Hebblethwaite’s reflections on parenting have power because she is brutally realistic about how demanding it is, even for people like her and me who had children by choice with a loved and supportive partner. After a euphoric and blissful time with her first child, following the birth of her second the older became so difficult that she simply could not take him anywhere. Her account is harrowing, as is an unforgettable six-page passage in which she describes, detail by torrid detail, a fairly ordinary evening with two small children. Nothing too terrible happens – no one dies, no one is maimed, but when I read this, I am catapulted back into the frequent tedium and exhaustion of parenting little ones, the overwhelming knowledge that their very survival depends on my vigilance.

It was Hebblethwaite who introduced me to the feminine images of God in the Bible. Prompted by her observations, I started perceiving God-ness in what I did every day. When I became pregnant with our third child, I thought of the little stranger inside me, living, moving and having his being in the utter safety of my womb. When I was feeling vulnerable and desperate, I started to visualise myself in God’s womb – all my needs met, surrounded by sustaining love - even when I was unaware of it. After he was born, I was sitting in church one Sunday, breast feeding him when the elders came around with the Eucharist and the extraordinary words, ‘This is the body of Christ, feed on him in your hearts with thanksgiving’. There was I with my son feeding on me, as I was feeding on Christ. The language of broken body and spilled blood that ultimately gives life put me in mind of what happened to me every time I birthed a baby.

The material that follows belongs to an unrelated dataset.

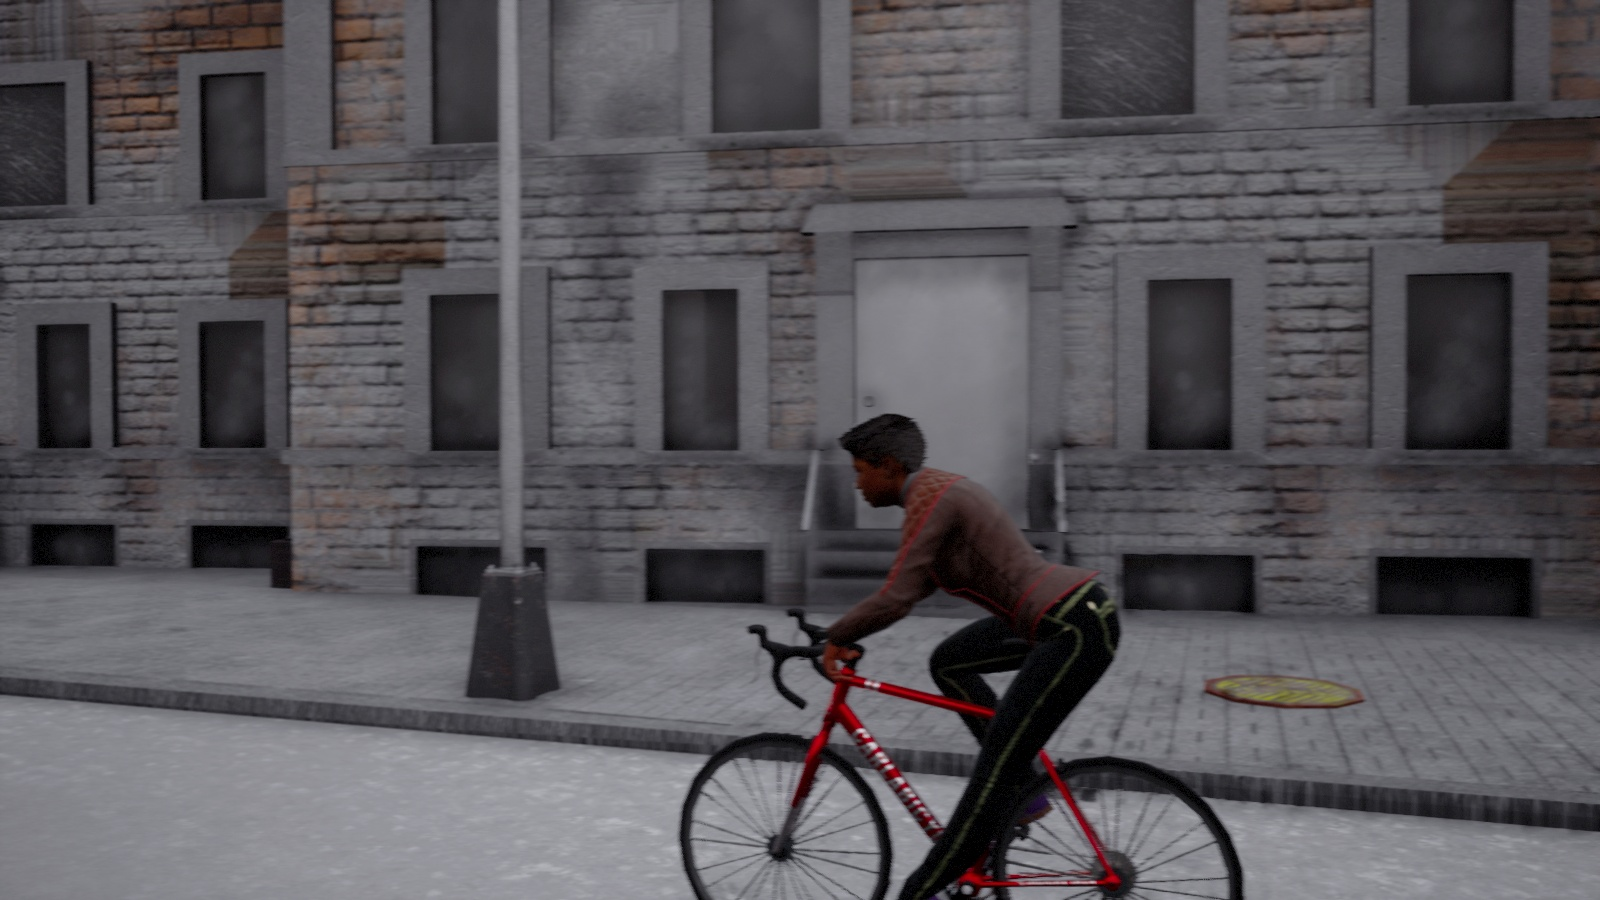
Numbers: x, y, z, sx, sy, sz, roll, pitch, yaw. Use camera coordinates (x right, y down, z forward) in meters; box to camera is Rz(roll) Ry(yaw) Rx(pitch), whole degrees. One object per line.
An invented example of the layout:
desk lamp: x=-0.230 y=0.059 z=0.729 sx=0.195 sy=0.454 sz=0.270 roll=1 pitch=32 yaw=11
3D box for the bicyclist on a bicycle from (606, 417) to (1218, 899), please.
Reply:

It was eleven years after I read Motherhood and God that I had my first article published. My second was a faith column about how I loved going to stay at monasteries, and that was it for me. I discovered something I felt deeply called to, a vocation, which was writing about ordinary life in the light of what I had learned – through worship, learning, tradition, conversations and also from my own lived experience – about God. The hundreds of pieces I have written in the years since (the majority of which are not ostensibly religious but which I hope are shot through with a sense of wonder and mystery) have given me the most joy and satisfaction in my life apart from the love I have forged with my husband and our now adult offspring.

I am grateful to Hebblethwaite for giving me a vivid picture of the motherhood of God. I am profoundly in her debt for planting the seed of the idea in my mind and heart that an ordinary person could do theology, thus helping others in their relationship with God.